New Dawn... I looked for the solo today but saw nothing... but it is true that Lay Lady ledge is kind of out of view from the bridge and the corner directly above is easy to get lost in so I have no idea of where this guy might be right now...
Nose: All the teams that were grinding it out from yesterday were seen moving up in good order... the Belgian team with its womenfolk waiting breathlessly at the bridge trying to take control of my telescope and make $$$ by charging Tourons was seen going over the top around 1pm and were later seen at the show this evening. A couple of teams were seen inching their way up the stovelegs and bets were being placed just when they would give it up and bail. The Huber Boys make another training run up the route in a leisurely 5 hours with half and hour spent sunbathing on ECtower. They climbed from the great roof to the top in 45 minutes as they only had 6 parties to pass in the upper dihedral. Don’t these guys ever get tired? 3D.. one of the parties seen on the west side yesterday did come over and get in the parade up the top half of the Nose... seemed to merge fine.
The Shield: Interesting day on this great Charley Porter test piece. The top team in the line, supposedly a Swiss team, climbed the long nutting pitch to the grove this morning and then in the afternoon took on the much maligned so called "Groove" pitch, the scene of many a pair of dirty underwear, and rattled nerves. It "appeared" (we will have to get confirmation from them) that the leader took a 60 footer 3 quarters of the way up the pitch and after recovering his composure continued back up and climbed higher only to take another 60 footer much to the delight of the audience at the bridge! They say that the third time is a charm and indeed it was as he make the end of the pitch as I departed around 5pm. Below them another one of the teams, reported as being over on the west side yesterday, climbed rapidly over the roof and caught up with the lead team late in the day....who are those guys?!
Jolly Roger: EE and Bill climbed up onto the left side of the headwall today past a nasty squeeze chimney and were making steady progress as I left.
Salathe: The team from yesterday who make ECspire were seen climbing past Sous Le Toit and vanished into the afternoon glare and since they were not spotted on the headwall I can assume they were doing Free Rider. Below them a team climbed from hollow flake to the alcove and a couple more were seen heading to the route.

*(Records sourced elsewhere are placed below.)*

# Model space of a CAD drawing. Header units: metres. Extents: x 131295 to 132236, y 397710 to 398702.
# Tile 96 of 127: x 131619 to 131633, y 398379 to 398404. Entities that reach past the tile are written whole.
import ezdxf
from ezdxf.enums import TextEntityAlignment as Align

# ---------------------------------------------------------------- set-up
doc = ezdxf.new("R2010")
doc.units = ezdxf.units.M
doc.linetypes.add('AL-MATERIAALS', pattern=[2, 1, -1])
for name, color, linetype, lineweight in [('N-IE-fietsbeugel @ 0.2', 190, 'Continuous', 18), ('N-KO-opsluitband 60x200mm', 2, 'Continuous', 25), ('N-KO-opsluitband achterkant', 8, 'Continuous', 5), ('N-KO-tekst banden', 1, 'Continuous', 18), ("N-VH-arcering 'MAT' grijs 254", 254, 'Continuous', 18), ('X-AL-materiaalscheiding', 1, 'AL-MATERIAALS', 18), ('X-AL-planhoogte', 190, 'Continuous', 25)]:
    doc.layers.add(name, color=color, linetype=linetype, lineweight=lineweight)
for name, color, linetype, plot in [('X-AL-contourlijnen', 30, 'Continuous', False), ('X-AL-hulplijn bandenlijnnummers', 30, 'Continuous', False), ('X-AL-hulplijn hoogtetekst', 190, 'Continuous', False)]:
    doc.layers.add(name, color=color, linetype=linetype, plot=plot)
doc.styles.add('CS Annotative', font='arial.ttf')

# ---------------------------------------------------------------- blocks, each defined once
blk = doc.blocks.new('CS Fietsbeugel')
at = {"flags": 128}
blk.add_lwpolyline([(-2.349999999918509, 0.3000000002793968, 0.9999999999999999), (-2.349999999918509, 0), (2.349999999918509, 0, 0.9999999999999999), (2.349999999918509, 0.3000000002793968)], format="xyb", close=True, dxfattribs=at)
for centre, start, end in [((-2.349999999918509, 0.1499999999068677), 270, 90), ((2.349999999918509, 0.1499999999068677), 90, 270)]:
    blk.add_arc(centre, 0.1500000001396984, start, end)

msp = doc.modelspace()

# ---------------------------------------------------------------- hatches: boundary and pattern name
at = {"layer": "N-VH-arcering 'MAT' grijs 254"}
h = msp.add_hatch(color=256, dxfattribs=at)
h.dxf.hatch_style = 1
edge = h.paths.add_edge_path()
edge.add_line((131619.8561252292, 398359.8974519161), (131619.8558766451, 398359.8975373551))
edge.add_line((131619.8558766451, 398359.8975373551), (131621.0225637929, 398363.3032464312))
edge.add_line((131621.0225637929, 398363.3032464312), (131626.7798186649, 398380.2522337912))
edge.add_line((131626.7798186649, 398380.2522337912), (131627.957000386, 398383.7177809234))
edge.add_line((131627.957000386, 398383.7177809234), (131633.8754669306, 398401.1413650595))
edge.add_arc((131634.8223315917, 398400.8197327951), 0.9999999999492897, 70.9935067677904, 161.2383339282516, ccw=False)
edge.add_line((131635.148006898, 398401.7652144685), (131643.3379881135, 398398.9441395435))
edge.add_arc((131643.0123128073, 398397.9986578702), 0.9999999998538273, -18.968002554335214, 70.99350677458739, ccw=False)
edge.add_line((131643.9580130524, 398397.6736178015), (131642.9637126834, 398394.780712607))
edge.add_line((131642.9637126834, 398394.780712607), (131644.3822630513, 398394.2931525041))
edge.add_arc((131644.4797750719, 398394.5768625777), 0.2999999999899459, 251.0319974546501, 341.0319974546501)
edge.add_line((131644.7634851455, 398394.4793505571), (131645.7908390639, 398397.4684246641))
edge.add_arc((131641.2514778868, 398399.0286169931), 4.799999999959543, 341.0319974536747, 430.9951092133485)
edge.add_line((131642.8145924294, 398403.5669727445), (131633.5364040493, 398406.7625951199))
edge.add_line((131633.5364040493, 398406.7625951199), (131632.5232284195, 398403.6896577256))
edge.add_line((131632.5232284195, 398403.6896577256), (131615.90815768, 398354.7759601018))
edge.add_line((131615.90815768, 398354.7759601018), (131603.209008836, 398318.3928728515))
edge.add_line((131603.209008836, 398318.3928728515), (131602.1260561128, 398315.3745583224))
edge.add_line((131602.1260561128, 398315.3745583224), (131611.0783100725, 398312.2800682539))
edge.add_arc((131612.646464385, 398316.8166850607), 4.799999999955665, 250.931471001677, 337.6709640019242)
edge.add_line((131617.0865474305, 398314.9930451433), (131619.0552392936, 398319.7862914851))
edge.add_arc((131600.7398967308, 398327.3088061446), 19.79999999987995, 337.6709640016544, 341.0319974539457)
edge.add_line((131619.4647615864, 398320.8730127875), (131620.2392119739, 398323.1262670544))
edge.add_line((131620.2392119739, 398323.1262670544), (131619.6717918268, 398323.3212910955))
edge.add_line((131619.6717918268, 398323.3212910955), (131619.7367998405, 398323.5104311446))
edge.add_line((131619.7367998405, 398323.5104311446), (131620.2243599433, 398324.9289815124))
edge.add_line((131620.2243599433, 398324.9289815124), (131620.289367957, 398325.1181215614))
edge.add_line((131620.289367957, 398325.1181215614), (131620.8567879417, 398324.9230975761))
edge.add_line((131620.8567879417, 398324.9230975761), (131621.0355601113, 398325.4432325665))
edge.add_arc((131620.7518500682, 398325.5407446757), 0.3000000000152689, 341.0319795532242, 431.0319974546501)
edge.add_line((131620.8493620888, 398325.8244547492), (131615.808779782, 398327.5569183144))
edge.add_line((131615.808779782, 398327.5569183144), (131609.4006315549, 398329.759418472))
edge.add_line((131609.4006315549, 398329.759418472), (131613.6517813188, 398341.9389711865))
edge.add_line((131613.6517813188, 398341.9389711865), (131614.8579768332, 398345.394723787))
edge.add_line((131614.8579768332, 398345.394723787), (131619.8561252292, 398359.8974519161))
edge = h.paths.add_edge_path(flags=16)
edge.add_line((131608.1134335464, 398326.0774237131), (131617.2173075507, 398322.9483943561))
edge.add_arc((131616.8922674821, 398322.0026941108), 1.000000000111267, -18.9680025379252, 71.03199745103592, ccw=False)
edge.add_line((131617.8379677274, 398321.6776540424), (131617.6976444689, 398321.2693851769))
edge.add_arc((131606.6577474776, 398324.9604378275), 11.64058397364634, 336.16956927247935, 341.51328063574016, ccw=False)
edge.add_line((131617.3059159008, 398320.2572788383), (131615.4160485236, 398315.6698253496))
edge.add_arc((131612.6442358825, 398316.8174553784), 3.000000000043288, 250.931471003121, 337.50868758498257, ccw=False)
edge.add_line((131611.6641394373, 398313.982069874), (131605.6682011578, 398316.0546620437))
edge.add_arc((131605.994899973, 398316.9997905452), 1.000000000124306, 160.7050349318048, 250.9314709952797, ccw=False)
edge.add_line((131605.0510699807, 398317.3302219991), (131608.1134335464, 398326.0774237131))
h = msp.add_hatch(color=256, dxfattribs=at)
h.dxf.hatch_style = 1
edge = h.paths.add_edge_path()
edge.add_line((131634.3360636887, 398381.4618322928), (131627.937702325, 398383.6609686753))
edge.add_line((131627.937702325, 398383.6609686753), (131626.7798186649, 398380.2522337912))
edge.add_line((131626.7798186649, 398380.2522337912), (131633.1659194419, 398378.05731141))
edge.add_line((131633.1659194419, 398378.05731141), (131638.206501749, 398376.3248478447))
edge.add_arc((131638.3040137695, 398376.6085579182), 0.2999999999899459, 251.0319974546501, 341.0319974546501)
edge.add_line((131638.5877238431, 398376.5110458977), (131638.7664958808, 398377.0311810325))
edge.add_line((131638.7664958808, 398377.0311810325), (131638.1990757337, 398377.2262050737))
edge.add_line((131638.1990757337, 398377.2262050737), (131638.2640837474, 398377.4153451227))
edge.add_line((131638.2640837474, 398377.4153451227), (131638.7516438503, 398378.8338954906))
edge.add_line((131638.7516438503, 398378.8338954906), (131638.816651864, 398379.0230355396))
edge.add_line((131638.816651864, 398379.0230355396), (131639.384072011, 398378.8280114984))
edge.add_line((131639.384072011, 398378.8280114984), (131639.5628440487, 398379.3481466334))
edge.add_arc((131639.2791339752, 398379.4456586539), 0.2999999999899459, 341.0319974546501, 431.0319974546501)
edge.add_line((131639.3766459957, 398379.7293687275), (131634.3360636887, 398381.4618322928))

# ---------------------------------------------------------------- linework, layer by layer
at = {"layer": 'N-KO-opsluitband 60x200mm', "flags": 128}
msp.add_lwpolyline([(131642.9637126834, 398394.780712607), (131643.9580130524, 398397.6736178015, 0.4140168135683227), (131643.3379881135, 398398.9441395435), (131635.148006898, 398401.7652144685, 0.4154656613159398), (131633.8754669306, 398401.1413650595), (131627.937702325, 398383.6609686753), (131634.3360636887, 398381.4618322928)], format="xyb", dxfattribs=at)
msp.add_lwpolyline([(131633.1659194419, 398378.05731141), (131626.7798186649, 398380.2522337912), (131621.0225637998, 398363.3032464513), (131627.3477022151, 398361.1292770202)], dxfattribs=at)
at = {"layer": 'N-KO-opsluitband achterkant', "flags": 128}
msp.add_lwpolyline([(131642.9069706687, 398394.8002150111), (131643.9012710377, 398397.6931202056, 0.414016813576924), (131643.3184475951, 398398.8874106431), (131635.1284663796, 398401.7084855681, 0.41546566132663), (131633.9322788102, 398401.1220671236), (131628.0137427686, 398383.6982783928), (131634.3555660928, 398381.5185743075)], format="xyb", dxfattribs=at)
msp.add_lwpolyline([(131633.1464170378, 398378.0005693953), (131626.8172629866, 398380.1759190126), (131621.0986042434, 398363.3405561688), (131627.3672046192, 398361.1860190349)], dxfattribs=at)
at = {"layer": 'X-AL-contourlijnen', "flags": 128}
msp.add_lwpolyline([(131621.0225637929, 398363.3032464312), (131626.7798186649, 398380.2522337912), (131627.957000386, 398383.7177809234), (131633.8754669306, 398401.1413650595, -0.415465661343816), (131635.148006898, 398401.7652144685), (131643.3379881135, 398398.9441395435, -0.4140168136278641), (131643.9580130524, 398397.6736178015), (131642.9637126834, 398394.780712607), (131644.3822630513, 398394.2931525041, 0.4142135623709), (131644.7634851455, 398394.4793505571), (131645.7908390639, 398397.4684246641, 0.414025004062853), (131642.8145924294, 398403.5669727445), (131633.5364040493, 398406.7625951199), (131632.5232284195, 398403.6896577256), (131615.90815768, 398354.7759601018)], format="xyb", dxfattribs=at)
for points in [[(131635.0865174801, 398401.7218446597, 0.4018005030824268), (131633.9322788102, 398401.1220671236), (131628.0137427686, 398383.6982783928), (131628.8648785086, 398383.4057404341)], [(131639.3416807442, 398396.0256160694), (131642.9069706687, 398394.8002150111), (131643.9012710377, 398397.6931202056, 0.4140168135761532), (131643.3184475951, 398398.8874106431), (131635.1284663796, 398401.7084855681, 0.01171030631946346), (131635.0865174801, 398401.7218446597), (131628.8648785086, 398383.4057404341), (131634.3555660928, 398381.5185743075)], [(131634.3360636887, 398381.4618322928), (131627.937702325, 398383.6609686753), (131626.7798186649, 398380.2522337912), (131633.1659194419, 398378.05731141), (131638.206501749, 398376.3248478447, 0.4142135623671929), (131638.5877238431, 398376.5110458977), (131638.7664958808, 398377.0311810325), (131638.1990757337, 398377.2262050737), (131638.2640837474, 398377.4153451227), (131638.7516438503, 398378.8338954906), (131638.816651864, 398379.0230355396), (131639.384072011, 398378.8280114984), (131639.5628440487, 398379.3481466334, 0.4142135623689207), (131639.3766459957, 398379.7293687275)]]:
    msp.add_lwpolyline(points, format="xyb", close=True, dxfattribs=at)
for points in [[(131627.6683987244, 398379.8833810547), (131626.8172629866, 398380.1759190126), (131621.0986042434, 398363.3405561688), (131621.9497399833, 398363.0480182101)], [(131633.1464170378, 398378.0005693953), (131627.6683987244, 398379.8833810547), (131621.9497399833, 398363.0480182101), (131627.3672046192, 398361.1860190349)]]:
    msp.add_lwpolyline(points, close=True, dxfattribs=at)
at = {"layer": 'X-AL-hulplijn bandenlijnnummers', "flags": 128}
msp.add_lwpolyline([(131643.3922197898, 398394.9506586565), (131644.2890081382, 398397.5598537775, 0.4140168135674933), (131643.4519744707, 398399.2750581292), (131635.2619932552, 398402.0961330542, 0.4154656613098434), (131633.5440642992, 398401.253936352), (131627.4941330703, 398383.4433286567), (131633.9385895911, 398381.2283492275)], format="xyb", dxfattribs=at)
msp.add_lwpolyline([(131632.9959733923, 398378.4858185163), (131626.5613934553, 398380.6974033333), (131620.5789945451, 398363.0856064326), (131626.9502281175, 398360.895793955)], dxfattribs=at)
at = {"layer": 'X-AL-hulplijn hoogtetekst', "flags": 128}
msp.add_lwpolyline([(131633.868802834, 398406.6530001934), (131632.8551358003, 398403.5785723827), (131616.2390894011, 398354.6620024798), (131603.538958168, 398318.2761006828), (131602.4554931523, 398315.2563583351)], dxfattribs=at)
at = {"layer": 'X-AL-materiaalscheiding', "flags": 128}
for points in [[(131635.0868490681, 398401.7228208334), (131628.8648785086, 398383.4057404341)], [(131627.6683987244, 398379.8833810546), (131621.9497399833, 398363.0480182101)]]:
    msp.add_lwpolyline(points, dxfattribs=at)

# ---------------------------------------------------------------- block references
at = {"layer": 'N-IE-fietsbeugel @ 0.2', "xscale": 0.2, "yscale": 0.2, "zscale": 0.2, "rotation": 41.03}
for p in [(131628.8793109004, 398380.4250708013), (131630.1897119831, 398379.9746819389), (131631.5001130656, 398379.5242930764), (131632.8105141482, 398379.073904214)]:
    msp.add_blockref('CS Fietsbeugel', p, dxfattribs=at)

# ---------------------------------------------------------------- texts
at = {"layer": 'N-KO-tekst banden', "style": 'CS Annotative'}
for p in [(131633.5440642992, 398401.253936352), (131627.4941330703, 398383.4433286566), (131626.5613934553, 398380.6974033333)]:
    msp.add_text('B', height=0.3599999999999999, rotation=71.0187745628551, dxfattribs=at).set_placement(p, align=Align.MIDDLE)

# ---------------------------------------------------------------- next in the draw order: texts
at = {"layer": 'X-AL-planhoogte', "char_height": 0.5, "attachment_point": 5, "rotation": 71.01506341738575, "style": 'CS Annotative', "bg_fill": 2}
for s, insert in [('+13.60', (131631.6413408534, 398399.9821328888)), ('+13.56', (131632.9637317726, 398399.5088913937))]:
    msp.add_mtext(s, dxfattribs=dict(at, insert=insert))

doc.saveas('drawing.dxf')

Far West side: I didn't get down there this day but saw the lights of a team over by Never Never Land when I went out to see the wall in the moonlight tonight around 9pm. What a beautiful sight the Cap was in the glow of the full moon tonight.
In other news... The scene at the bridge was really nice today. Mara had the day off and showed up with food and drink and soon some others came bearing gifts too. The weather was perfect and the company was just as fine. Alex and Thomas came by and stayed for quite a time later in the day as did Royal Robbins and Tom Frost. Cedar and Ranon showed up late and Dave Turner and his mom spent some time too as did KFC, little Biscut, and a slue of Euro climbers. The three guys from the push on the Trip sorted gear here and left later in the day. It was really cool to have many generations of climbers hanging out sharing stories and good cheer. Lots of folks came by and it was one of the best days we have ever experienced at the bridge... it was a day we will all remember. Later there was a showing of the Sentinel Film by Tom and Royal that had amazingly large attendance for a Wed. night ... maybe the largest audience of the year at the lodge theater... another show tomorrow night there with Alex and Thomas showing the movie they made last season... should be a great time... also the clean-up is going full guns and there is much good will among the people in green and the climbing community... Ah! if only it would last! Anyway the hour is late and I am tired and I need to recharge my internal batteries for another great day tomorrow. I was able to sell some posters autographed by famous Yosemite climbers after the show and raised $700 for the cause. All in all a day to remember. So that’s the way it is for this day... a wonderful day when you are glad to be a part of a great community of unique folks here in the valley... Sept 26, 2007.